Severity
High
Analysis Summary
A critical remote code execution (RCE) vulnerability in Microsoft Outlook, tracked as CVE-2025-62562, has been patched by Microsoft. Publicly disclosed on December 9, 2025, the flaw is classified as Important with a CVSS score of High. The vulnerability arises from a use-after-free weakness in Outlook, which can allow attackers to execute arbitrary code on affected systems. While the issue requires local user interaction, it represents a practical threat due to the potential for social engineering attacks.
Exploitation of this vulnerability is unique in that it does not rely on the Preview Pane; instead, attackers must trick users into replying to a specially crafted email, which triggers the code execution chain. This requirement adds complexity for attackers but does not eliminate the risk, as convincing users to interact with emails is a common technique in phishing campaigns. The flaw affects multiple Microsoft Office versions, including Word 2016 (32-bit & 64-bit), Office LTSC 2019–2024, Microsoft 365 Apps for Enterprise, and SharePoint Server editions.
Microsoft has released security updates for most affected products, with updates like KB5002806 for Word 2016 and corresponding patches for other Office editions. Build number 16.0.5530.1000 applies to Word 2016. Updates are available via Windows Update and the Microsoft Download Center, though patches for Office LTSC for Mac 2021 and 2024 are not yet released. Administrators managing multiple systems are advised to deploy patches across all editions following organizational deployment standards and prioritize critical updates where available.
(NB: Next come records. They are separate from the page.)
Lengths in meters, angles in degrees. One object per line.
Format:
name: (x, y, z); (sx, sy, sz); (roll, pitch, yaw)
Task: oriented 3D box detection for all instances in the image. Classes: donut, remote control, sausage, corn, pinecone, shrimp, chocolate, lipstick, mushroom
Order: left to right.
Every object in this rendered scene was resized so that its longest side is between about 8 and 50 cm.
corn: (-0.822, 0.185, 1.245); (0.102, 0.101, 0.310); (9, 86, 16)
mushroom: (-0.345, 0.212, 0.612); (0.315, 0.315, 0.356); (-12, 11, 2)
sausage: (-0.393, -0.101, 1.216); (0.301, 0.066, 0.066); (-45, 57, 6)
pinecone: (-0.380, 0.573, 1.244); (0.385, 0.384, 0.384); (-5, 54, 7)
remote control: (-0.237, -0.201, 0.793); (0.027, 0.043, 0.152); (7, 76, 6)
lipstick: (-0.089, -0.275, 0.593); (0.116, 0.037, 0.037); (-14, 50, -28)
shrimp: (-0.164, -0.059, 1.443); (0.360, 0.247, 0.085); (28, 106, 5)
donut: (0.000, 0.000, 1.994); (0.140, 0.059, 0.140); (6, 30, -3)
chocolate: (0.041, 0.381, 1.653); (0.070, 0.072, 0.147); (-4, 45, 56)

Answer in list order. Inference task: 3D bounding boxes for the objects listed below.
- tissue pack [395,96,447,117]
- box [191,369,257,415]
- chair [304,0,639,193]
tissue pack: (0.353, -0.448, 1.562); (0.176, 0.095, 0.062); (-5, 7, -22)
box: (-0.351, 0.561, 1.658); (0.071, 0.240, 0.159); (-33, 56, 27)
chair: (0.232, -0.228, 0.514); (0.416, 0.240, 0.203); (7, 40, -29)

For systems without immediate patch availability, Microsoft recommends exercising caution with unsolicited emails and avoiding replying to suspicious messages. The vulnerability was discovered and reported by Haifei Li from EXPMON through coordinated disclosure. As of now, there is no evidence of active exploitation or public proof-of-concept code, but organizations should act promptly to mitigate risk, maintain user awareness, and monitor for any suspicious activity related to Outlook communications.
Impact
- Code Execution
- Gain Access
Indicators of Compromise
CVE
CVE-2025-62562
Affected Vendors
Remediation
- Apply the latest Microsoft security updates for all affected Office versions immediately, including: KB5002806 for Word 2016 (32-bit & 64-bit), and Updates for Office LTSC 2019–2024, Microsoft 365 Apps for Enterprise, and SharePoint Server editions
- For Mac users, monitor for upcoming patches for Office LTSC 2021 and 2024 and apply them as soon as they become available.
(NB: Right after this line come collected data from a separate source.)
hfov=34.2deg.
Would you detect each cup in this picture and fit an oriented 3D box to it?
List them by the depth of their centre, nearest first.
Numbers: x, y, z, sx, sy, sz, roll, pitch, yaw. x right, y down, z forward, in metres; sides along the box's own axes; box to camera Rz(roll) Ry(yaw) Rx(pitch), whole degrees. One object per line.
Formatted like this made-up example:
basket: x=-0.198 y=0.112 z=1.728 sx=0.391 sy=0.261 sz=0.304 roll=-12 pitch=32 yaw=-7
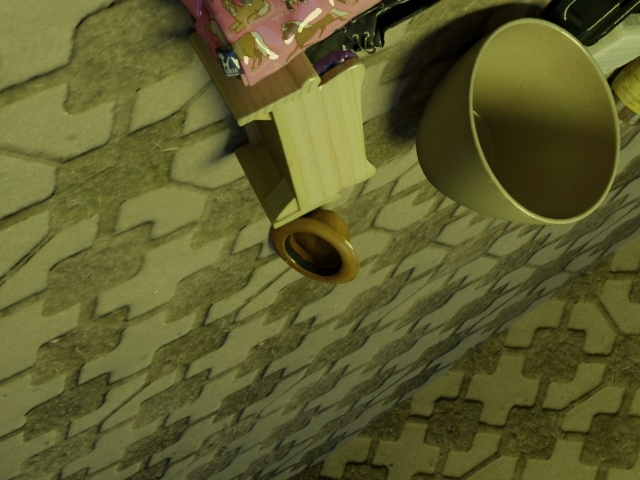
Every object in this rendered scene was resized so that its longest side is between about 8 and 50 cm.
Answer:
cup: x=0.296 y=-0.174 z=1.728 sx=0.331 sy=0.331 sz=0.237 roll=-16 pitch=-179 yaw=-34

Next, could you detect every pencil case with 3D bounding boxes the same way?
pencil case: x=0.027 y=-0.333 z=1.178 sx=0.386 sy=0.160 sz=0.167 roll=-31 pitch=-158 yaw=1

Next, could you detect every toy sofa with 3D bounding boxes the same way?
toy sofa: x=-0.041 y=-0.176 z=1.430 sx=0.177 sy=0.150 sz=0.362 roll=-28 pitch=158 yaw=-5

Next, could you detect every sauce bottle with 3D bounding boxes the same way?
sauce bottle: x=0.705 y=-0.373 z=2.036 sx=0.111 sy=0.111 sz=0.344 roll=-9 pitch=150 yaw=-43

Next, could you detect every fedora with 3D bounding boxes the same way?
fedora: x=0.000 y=0.000 z=1.925 sx=0.194 sy=0.194 sz=0.079 roll=109 pitch=8 yaw=-59

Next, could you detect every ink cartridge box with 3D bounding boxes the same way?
ink cartridge box: x=0.528 y=-0.355 z=1.956 sx=0.181 sy=0.056 sz=0.224 roll=-13 pitch=171 yaw=-38

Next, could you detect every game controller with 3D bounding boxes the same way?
game controller: x=0.516 y=-0.448 z=1.715 sx=0.166 sy=0.067 sz=0.319 roll=18 pitch=129 yaw=-44

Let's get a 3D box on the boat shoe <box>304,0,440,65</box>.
boat shoe: x=0.069 y=-0.295 z=1.416 sx=0.228 sy=0.076 sz=0.080 roll=-32 pitch=159 yaw=2

- Reboot systems after installing updates to ensure the patches take effect.
- Educate users to avoid replying to unsolicited or suspicious emails, as exploitation requires user interaction.
- Implement email filtering and anti-phishing solutions to block malicious or suspicious messages before they reach end users.
- Restrict local user privileges where possible to reduce the impact of potential code execution.
- Monitor Outlook logs and system behavior for unusual activity that could indicate attempted exploitation.
- Ensure endpoint protection solutions are up to date to detect malicious email attachments or abnormal processes.
- Maintain ongoing security awareness training to help users recognize and report suspicious emails.
- Follow organizational patch management policies to ensure timely deployment across all systems.